Best British bridges on foot
The Iron Bridge at Ironbridge, Shropshire, today warrants Grade I listed and UNESCO world heritage status. It is largely heralded as the world’s first cast iron road bridge although some debate rumbles on this. Built in a time of Shropshire’s busy mining industry when crossing the deep gorges of the River Severn was required but limited it did just that, opening in 1779. Since 1834 it has been a Scheduled Ancient Monument and closed to traffic.
See it today as part of a visit to Ironbridge Gorge Museum while you’re staying in one of our Shropshire holiday cottages.
Monnow Bridge has perhaps the most fascinating historical claim to fame as Britain’s only remaining example of a fortified medieval bridge with an intact integral gate tower. The tower was added in the 14th-century, some 200 years after the bridge replaced a previous oak structure connecting Monmouth and Overmonnow. Amazingly it was open to traffic until 2004 when a modern bridge was completed a little downstream. It isn’t open to visitors every day, so do call ahead to check!
Absorb all the history and heritage of this now-unique structure during a stay in one of our Monmouthshire holiday cottages.
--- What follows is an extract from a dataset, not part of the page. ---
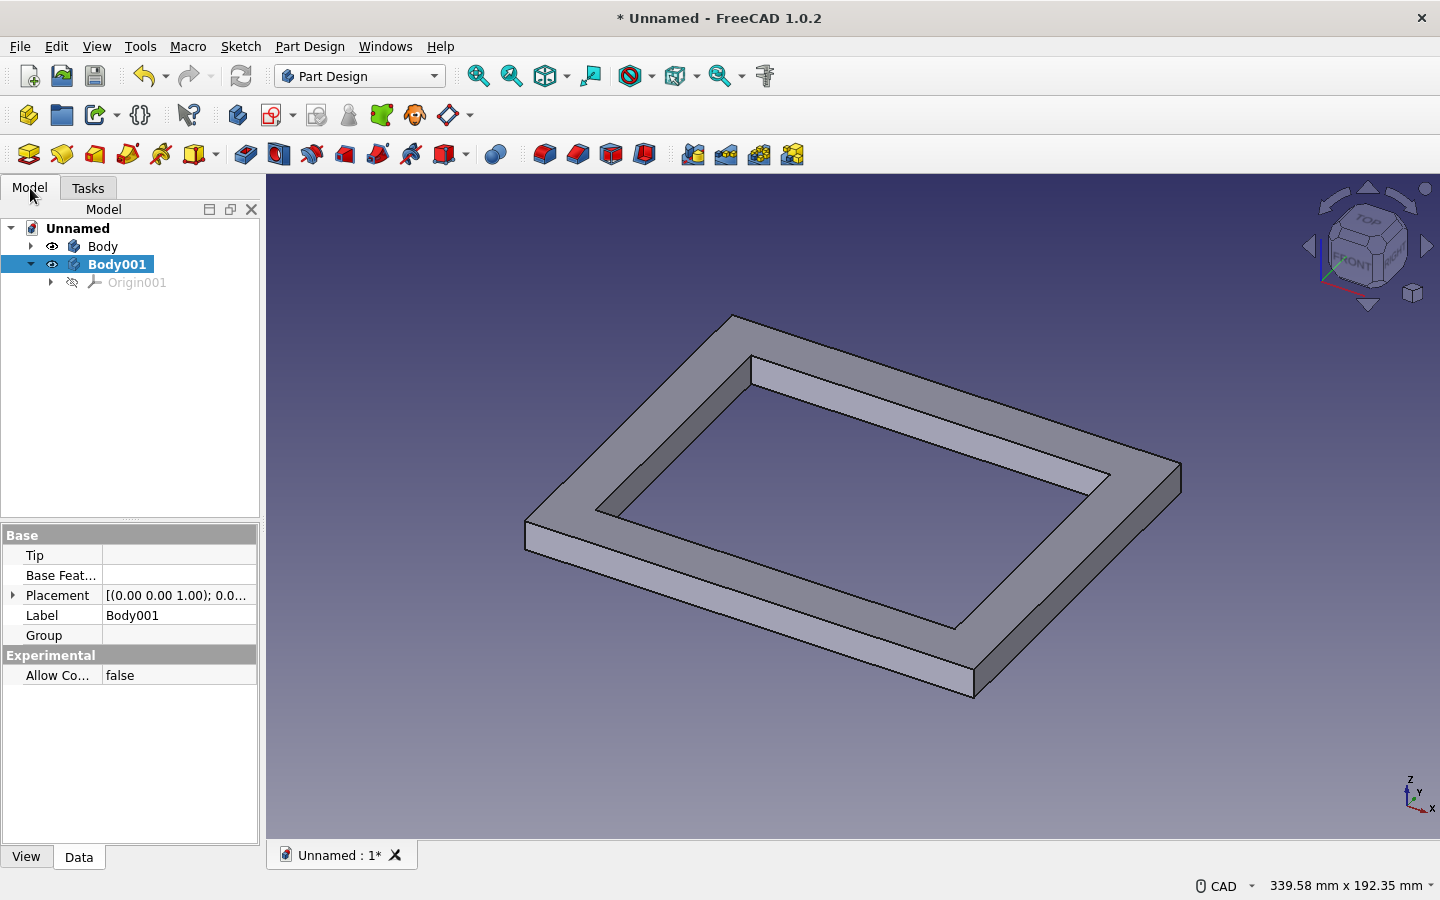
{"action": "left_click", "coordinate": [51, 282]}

Pulteney Bridge, Bath, is often compared to Florence’s Ponte Vecchio. They share architectural grandeur and shops – two very exciting things that attract tourists in their droves! One of Bath’s most photographed structures – especially its position over the horseshoe-shaped weir below – it was built to connect the acreage of wealthy landowner William Pulteney with the city and to shore up his plans to create a new town. Open since 1770 it has been restored and extended at various stages. Today it is home to shops and restaurants the length of its 45 metre span and is Grade I listed.
Come snap it for yourself during a day trip to Bath while enjoying a short break in one of our Somerset holiday homes.
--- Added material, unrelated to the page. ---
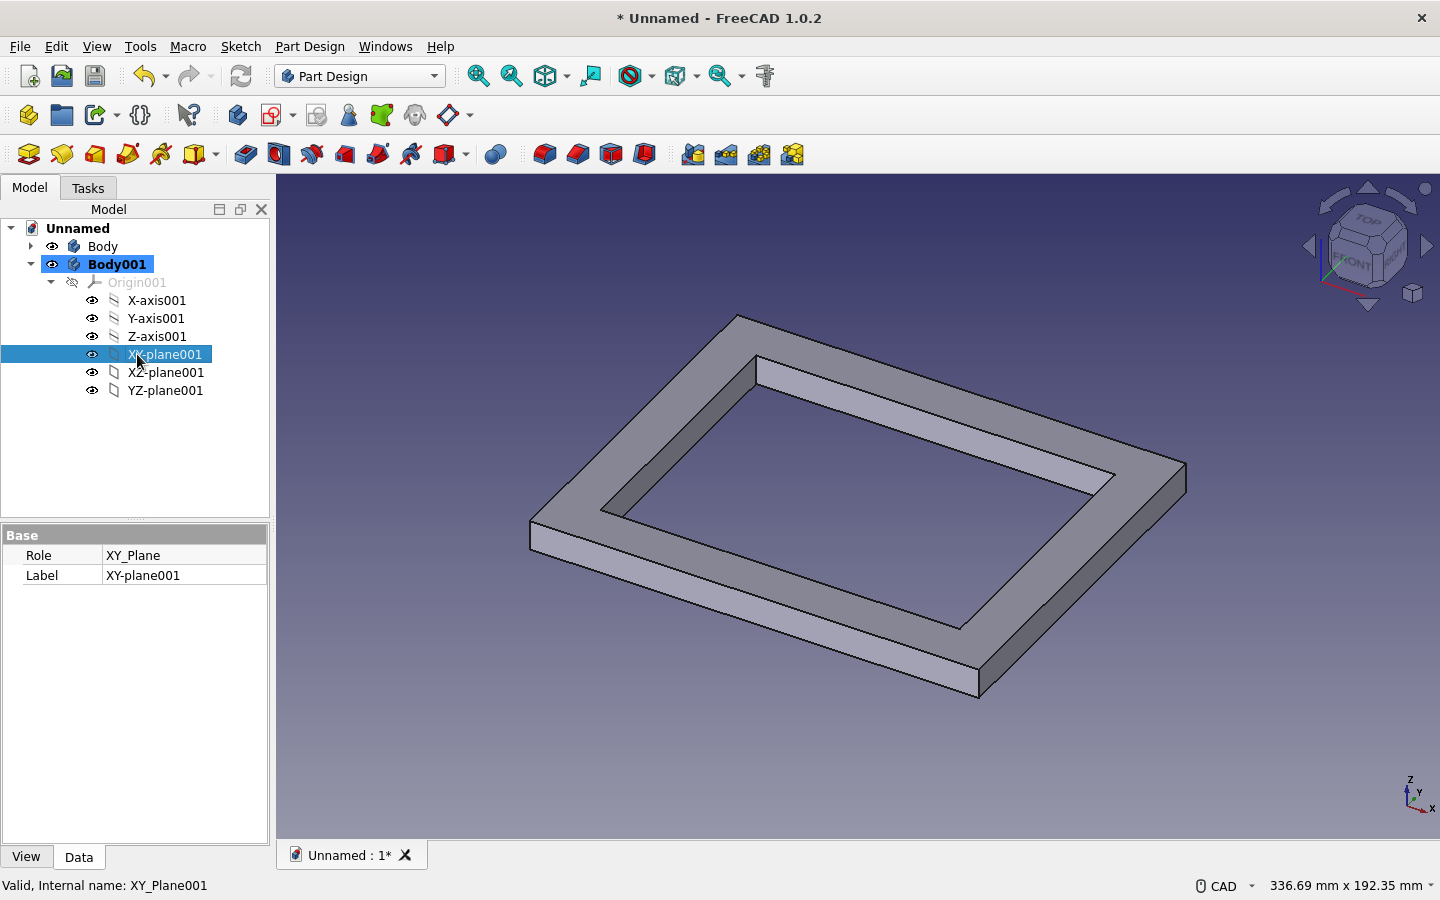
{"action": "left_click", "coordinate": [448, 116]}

If there is to be a downside to booking a UK holiday, it has to be getting there in the first place. “Are we nearly there yet?” rears both laughter and tears from parents – depending on when they hear it, who is asking and how frequently the question has been asked in the last two minutes. But those holiday road trips that veer in the direction of one of these beautiful British bridges make the journey all part of the holiday.